What is the performance impact of the synchronization, i.e. how much faster is the code with the max operation moved up?

@javak87
Copy link
Contributor Author

javak87 commented Dec 30, 2025

What is the performance impact of the synchronization, i.e. how much faster is the code with the max operation moved up?

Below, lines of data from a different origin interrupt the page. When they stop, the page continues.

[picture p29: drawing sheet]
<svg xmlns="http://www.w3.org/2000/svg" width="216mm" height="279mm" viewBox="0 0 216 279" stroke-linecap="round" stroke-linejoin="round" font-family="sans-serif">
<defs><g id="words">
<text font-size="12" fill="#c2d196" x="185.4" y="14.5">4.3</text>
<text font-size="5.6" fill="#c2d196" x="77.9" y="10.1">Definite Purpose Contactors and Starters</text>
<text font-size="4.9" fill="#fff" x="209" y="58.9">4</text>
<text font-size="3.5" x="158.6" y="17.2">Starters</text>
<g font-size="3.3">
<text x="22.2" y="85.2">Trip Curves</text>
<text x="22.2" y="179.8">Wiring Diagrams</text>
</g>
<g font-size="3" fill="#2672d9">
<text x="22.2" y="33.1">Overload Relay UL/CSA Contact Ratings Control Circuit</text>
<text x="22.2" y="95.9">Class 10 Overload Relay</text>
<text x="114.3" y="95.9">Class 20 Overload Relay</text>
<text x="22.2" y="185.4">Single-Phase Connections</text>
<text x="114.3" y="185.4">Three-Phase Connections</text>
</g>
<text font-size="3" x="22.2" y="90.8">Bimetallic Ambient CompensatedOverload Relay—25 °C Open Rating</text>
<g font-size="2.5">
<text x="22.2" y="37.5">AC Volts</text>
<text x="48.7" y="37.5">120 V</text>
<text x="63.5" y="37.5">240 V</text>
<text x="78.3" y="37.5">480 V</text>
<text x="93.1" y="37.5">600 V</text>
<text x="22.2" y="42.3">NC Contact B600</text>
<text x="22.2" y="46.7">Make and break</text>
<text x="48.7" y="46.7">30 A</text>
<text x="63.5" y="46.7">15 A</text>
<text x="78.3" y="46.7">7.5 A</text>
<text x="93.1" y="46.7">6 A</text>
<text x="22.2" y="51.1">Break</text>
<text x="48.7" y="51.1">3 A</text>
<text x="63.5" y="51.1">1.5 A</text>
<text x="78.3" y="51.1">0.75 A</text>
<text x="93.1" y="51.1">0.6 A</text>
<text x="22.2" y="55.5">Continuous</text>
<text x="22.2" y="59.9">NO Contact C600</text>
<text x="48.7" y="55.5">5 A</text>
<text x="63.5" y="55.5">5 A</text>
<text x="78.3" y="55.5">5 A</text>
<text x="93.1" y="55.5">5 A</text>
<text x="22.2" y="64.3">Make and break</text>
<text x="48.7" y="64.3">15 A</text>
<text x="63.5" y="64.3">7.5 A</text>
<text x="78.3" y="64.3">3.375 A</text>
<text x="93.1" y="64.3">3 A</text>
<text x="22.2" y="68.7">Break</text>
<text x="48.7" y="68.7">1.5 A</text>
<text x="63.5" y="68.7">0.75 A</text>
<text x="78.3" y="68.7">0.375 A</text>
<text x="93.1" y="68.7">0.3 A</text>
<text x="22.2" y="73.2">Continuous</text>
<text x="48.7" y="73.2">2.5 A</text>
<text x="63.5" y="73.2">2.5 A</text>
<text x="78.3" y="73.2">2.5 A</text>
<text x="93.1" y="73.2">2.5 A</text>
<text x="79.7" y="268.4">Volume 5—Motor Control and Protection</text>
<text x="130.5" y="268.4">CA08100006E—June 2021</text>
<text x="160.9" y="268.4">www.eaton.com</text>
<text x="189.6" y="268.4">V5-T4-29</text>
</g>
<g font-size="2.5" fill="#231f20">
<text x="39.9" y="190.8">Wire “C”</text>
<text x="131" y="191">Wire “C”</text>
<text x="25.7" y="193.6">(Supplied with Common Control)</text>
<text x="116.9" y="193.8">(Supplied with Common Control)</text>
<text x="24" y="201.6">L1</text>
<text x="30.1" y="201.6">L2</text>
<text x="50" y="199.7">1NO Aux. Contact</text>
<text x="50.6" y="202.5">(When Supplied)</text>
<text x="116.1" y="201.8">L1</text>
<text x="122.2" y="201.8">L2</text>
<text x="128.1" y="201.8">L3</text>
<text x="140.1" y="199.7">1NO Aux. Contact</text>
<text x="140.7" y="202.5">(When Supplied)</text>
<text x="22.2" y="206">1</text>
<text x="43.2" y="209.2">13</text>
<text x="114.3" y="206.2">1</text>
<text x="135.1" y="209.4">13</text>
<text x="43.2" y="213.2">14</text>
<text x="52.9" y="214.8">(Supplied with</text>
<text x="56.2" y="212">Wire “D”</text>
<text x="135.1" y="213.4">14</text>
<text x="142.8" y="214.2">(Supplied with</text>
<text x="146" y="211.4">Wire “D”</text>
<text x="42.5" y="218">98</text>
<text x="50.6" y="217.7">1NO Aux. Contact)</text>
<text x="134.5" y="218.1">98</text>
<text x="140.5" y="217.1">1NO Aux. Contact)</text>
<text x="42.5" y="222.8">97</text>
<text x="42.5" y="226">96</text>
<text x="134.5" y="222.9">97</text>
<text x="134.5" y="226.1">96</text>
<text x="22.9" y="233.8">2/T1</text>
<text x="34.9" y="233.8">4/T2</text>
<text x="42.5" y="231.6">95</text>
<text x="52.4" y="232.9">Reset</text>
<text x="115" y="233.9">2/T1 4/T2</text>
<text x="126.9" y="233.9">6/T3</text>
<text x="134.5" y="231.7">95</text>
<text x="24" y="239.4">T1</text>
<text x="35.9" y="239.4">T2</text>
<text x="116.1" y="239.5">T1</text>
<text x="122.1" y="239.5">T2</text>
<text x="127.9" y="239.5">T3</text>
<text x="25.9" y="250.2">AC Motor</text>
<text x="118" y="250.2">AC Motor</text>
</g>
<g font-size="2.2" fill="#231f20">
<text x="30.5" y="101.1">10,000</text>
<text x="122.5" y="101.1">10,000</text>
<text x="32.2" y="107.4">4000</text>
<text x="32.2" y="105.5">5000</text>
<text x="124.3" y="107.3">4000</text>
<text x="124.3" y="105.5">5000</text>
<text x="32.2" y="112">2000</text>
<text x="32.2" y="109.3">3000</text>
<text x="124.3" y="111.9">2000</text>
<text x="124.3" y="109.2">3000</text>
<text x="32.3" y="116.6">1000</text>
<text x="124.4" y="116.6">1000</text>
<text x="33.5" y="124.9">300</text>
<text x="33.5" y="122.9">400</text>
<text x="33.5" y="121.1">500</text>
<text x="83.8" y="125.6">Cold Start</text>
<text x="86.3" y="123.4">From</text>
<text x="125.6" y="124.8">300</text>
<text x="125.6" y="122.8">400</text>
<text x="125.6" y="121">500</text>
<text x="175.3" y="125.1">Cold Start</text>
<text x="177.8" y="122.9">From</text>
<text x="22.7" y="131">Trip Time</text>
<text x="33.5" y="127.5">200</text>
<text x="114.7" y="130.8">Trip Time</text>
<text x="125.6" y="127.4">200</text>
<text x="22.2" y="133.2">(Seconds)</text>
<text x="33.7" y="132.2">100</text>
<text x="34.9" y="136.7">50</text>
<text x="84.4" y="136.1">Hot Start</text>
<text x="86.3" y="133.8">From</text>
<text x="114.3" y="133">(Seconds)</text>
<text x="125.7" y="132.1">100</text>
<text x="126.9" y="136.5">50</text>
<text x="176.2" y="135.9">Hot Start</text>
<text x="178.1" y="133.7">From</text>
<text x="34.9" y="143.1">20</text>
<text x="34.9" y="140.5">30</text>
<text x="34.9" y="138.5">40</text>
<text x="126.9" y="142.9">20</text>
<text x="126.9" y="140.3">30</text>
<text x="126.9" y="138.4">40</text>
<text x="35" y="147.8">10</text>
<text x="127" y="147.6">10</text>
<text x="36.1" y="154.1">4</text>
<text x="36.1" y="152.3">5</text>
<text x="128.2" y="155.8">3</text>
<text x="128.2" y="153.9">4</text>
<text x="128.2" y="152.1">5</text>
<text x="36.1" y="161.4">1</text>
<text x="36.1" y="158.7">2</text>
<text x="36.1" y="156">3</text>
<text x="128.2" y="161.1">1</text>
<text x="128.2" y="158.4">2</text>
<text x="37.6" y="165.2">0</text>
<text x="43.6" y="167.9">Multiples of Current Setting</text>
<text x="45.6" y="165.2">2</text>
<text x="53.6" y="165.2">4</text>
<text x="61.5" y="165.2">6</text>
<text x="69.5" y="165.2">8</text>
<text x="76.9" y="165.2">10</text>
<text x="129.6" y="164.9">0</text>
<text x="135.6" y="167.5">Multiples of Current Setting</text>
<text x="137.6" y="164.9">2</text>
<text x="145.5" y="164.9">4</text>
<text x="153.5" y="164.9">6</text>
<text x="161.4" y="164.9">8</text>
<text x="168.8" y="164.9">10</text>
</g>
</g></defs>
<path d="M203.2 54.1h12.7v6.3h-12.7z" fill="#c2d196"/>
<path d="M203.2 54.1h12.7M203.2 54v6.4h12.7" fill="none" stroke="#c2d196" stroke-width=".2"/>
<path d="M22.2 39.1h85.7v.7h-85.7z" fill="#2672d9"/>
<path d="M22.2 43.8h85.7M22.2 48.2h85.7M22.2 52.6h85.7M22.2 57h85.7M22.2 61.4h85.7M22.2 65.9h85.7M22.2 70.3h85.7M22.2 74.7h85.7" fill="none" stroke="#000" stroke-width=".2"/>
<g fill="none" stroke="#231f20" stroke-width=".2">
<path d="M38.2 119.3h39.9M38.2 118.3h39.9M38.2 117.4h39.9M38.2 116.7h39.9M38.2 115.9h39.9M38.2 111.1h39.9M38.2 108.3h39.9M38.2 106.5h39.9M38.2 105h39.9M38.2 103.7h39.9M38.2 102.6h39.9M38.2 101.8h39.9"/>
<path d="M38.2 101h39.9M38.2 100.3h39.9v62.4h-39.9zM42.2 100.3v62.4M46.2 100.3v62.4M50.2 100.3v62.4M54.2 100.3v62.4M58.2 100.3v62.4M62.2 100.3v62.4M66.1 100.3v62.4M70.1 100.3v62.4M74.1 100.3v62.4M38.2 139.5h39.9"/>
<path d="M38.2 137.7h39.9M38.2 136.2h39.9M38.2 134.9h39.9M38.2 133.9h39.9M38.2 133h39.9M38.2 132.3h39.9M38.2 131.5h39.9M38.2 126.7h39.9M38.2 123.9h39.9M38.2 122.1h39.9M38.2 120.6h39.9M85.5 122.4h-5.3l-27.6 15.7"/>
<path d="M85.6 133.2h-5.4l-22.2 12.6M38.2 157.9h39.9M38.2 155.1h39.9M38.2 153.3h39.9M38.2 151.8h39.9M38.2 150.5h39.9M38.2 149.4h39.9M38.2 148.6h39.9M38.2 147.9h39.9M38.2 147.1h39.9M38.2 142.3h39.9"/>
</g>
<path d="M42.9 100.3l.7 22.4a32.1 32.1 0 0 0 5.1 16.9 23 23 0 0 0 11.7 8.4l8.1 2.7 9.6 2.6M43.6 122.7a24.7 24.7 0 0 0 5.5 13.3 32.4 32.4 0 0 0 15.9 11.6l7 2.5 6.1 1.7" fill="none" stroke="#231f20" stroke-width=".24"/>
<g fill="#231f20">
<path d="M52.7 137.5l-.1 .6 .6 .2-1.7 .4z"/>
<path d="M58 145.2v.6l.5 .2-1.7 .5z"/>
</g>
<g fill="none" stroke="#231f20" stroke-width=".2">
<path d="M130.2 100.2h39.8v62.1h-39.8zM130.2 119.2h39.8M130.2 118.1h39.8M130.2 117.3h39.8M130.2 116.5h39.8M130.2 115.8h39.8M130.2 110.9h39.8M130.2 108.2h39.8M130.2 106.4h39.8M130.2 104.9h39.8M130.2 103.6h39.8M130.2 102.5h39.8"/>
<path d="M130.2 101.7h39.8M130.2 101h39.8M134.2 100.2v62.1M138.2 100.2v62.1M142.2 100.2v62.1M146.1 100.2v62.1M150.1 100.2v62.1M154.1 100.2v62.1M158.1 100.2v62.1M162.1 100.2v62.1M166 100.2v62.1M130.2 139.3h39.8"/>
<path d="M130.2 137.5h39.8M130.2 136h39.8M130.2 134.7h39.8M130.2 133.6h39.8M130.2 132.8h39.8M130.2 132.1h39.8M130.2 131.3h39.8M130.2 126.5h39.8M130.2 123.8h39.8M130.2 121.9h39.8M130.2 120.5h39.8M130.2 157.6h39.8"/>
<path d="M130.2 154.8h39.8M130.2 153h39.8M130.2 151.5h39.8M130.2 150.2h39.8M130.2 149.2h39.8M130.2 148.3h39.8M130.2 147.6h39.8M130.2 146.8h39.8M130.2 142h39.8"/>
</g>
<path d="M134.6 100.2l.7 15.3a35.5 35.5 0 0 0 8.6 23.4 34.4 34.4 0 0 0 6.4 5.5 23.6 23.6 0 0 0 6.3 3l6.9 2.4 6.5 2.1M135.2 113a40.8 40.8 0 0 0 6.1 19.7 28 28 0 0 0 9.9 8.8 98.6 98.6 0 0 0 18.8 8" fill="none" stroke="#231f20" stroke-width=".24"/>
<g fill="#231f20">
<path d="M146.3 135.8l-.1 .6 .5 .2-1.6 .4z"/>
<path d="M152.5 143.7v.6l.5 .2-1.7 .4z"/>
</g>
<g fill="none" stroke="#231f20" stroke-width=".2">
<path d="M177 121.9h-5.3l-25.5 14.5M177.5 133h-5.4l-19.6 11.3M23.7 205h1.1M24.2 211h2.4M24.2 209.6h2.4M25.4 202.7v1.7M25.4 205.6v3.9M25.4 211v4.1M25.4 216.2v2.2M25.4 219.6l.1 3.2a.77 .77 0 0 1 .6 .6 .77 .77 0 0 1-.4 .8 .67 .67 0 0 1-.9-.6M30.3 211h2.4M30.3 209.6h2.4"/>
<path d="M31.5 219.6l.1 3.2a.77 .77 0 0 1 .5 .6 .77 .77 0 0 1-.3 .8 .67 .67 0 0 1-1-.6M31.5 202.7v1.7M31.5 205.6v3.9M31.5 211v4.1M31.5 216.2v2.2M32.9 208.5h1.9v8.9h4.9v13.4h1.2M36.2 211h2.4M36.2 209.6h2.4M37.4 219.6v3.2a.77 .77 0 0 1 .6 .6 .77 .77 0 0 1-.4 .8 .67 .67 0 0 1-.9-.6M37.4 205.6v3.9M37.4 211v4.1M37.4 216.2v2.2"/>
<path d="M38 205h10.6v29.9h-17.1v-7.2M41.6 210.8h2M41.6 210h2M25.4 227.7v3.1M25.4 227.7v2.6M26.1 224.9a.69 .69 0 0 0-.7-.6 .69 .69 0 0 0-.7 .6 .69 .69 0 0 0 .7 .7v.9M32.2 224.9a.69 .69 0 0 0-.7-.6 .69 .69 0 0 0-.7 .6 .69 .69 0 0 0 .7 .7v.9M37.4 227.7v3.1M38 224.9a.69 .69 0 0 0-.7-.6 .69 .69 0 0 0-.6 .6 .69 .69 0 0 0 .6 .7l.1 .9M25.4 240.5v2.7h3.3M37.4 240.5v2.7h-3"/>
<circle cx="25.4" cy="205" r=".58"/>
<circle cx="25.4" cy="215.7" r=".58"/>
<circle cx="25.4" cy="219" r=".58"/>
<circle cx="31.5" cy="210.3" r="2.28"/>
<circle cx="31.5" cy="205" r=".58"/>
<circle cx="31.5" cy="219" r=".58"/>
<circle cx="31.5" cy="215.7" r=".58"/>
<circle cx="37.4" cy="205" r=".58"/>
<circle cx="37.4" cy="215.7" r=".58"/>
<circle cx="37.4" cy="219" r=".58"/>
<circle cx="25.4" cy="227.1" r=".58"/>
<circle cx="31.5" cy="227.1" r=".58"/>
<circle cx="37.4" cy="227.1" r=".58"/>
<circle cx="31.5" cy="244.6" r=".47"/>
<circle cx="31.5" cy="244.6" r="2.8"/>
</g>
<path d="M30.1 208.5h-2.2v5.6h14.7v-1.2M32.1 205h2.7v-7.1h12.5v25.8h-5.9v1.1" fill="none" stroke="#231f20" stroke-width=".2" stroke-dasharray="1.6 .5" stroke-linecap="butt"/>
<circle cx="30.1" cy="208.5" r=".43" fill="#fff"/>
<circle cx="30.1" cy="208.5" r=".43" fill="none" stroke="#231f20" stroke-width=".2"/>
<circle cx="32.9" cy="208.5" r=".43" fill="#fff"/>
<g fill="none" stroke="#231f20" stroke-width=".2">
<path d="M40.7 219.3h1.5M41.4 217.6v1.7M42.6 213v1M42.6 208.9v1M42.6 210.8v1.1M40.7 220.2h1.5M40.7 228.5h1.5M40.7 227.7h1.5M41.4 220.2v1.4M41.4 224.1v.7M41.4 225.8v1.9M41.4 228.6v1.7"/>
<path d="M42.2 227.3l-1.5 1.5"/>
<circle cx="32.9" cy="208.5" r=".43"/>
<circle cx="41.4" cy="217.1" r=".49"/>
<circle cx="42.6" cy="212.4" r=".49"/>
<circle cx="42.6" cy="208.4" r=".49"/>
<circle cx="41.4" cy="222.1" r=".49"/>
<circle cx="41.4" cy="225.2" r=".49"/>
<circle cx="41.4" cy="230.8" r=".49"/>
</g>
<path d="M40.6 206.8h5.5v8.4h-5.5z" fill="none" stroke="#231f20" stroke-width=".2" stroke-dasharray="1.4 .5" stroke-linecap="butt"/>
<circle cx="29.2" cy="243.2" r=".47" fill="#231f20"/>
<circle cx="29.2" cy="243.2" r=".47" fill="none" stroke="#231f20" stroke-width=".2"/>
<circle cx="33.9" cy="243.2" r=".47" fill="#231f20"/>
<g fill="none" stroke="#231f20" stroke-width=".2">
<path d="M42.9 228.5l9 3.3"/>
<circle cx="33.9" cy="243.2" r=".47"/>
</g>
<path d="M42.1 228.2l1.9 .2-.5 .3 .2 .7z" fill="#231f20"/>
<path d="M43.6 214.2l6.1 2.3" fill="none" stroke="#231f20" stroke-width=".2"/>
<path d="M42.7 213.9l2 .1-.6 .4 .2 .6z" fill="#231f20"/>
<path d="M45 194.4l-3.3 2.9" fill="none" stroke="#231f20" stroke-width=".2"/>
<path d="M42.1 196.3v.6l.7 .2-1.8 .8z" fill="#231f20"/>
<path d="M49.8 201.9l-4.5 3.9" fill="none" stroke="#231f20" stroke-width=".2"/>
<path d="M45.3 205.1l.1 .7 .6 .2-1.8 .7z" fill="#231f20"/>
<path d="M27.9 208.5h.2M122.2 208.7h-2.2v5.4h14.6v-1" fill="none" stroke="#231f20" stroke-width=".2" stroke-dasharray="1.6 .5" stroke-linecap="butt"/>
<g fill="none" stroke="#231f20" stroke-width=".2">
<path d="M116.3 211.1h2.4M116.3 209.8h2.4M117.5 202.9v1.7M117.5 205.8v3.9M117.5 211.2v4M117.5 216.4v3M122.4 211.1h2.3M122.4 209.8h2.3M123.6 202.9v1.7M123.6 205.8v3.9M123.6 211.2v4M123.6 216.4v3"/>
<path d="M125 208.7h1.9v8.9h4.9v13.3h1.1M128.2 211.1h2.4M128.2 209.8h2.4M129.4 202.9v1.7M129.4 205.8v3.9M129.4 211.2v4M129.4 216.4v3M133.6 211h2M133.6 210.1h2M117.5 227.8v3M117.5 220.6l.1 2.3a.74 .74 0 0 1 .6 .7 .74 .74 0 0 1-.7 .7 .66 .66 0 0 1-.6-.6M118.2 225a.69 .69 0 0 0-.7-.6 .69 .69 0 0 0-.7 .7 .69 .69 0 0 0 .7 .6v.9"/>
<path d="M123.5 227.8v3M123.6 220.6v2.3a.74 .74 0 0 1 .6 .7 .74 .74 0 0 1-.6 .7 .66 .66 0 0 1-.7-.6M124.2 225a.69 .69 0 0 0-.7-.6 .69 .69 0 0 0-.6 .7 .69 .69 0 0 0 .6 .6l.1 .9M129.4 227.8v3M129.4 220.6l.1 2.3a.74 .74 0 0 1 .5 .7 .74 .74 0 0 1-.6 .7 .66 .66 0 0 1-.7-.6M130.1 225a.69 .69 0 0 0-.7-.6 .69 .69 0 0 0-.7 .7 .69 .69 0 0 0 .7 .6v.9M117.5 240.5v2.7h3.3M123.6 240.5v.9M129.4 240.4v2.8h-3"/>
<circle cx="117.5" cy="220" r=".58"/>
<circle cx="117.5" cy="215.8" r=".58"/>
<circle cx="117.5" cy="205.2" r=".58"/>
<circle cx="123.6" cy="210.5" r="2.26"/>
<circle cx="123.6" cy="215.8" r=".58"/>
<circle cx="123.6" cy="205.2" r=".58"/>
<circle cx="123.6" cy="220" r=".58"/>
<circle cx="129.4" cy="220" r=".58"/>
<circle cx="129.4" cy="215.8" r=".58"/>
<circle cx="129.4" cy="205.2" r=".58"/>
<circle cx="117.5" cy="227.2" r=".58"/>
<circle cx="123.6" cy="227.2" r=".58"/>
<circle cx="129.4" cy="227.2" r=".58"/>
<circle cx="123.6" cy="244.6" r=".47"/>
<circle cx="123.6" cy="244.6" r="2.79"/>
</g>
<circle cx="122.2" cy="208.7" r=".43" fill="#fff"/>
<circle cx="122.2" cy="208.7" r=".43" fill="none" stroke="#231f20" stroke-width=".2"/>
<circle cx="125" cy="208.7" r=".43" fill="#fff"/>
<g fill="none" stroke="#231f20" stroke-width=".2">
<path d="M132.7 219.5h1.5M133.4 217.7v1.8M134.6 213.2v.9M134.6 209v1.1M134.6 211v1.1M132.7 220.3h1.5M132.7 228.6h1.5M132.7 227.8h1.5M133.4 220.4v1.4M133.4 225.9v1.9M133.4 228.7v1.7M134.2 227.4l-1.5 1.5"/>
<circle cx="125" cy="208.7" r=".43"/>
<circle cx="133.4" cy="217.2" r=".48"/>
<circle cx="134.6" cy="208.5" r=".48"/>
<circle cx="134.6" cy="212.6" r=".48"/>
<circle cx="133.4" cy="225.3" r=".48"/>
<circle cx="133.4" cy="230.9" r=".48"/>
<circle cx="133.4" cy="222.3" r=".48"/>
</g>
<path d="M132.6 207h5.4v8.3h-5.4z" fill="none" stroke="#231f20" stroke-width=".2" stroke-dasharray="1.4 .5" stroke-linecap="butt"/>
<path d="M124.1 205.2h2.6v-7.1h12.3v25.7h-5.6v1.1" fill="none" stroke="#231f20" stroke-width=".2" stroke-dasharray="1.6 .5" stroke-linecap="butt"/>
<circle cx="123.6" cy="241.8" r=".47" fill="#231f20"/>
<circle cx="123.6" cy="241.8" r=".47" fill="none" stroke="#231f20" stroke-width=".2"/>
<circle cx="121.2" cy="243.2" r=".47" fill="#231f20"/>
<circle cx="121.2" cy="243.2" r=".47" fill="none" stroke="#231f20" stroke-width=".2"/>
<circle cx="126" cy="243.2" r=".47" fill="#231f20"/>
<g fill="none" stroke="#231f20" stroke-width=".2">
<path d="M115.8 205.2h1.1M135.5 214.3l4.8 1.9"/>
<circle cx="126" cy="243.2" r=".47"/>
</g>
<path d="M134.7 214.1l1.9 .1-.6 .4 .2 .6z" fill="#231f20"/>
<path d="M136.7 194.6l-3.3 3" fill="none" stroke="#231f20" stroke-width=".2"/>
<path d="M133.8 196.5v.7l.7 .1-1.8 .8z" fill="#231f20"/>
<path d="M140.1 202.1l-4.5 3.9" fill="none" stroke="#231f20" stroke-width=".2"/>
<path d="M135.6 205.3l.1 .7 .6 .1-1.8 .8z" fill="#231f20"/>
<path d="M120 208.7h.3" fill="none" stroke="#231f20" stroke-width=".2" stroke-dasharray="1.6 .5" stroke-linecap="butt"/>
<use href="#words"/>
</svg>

The problem isn’t an explicit cuda synchronization. I’m trying to compile the model incrementally, starting from the lowest level (the attention module). At this level, to compile the class that uses flash_attn_varlen_func, max_lens must be an integer (per the official FlashAttention repository). However, putting an int conversion inside the forward method triggers this compilation error:

 File "/p/project1/hclimrep/kasravi1/WeatherGenerator/.venv/lib/python3.12/site-packages/torch/_dynamo/exc.py", line 317, in unimplemented
    raise Unsupported(msg, case_name=case_name)
torch._dynamo.exc.Unsupported: Tensor.item

from user code:
   File "/p/project1/hclimrep/kasravi1/WeatherGenerator/src/weathergen/model/attention.py", line 89, in forward
    max_lens = int(x_lens.max())

Set TORCH_LOGS="+dynamo" and TORCHDYNAMO_VERBOSE=1 for more information


You can suppress this exception and fall back to eager by setting:
    import torch._dynamo
    torch._dynamo.config.suppress_errors = True

Using without int is also trigger this error:

torch._dynamo.exc.TorchRuntimeError: Failed running call_function flash_attn._flash_attn_varlen_forward(*(FakeTensor(..., device='cuda:2', size=(3715, 16, 64), dtype=torch.bfloat16, grad_fn=<ToCopyBackward0>), FakeTensor(..., device='cuda:2', size=(3715, 16, 64), dtype=torch.bfloat16, grad_fn=<ToCopyBackward0>), FakeTensor(..., device='cuda:2', size=(3715, 16, 64), dtype=torch.bfloat16, grad_fn=<ViewBackward0>), FakeTensor(..., device='cuda:2', size=(6145,), dtype=torch.int32), FakeTensor(..., device='cuda:2', size=(6145,), dtype=torch.int32), FakeTensor(..., device='cuda:2', size=(), dtype=torch.int64), FakeTensor(..., device='cuda:2', size=(), dtype=torch.int64), 0.1, 0.125), **{'causal': False, 'window_size_left': -1, 'window_size_right': -1, 'softcap': 0.0, 'alibi_slopes': None, 'return_softmax': False, 'block_table': None}):
flash_attn::_flash_attn_varlen_forward() Expected a value of type 'int' for argument 'max_seqlen_q' but instead found type 'FakeTensor'.
Position: 5
Value: FakeTensor(..., device='cuda:2', size=(), dtype=torch.int64)
Declaration: flash_attn::_flash_attn_varlen_forward(Tensor q, Tensor k, Tensor v, Tensor cu_seqlens_q, Tensor cu_seqlens_k, SymInt max_seqlen_q, SymInt max_seqlen_k, float dropout_p, float softmax_scale, bool causal, SymInt window_size_left=-1, SymInt window_size_right=-1, float softcap=0., Tensor? alibi_slopes=None, bool return_softmax=False, Tensor? block_table=None, Tensor? leftpad_k=None, Tensor? seqused_k=None, bool zero_tensors=False) -> (Tensor, Tensor, Tensor, Tensor)
Cast error details: Unable to cast Python instance of type <class 'torch._subclasses.fake_tensor.FakeTensor'> to C++ type '?' (#define PYBIND11_DETAILED_ERROR_MESSAGES or compile in debug mode for details)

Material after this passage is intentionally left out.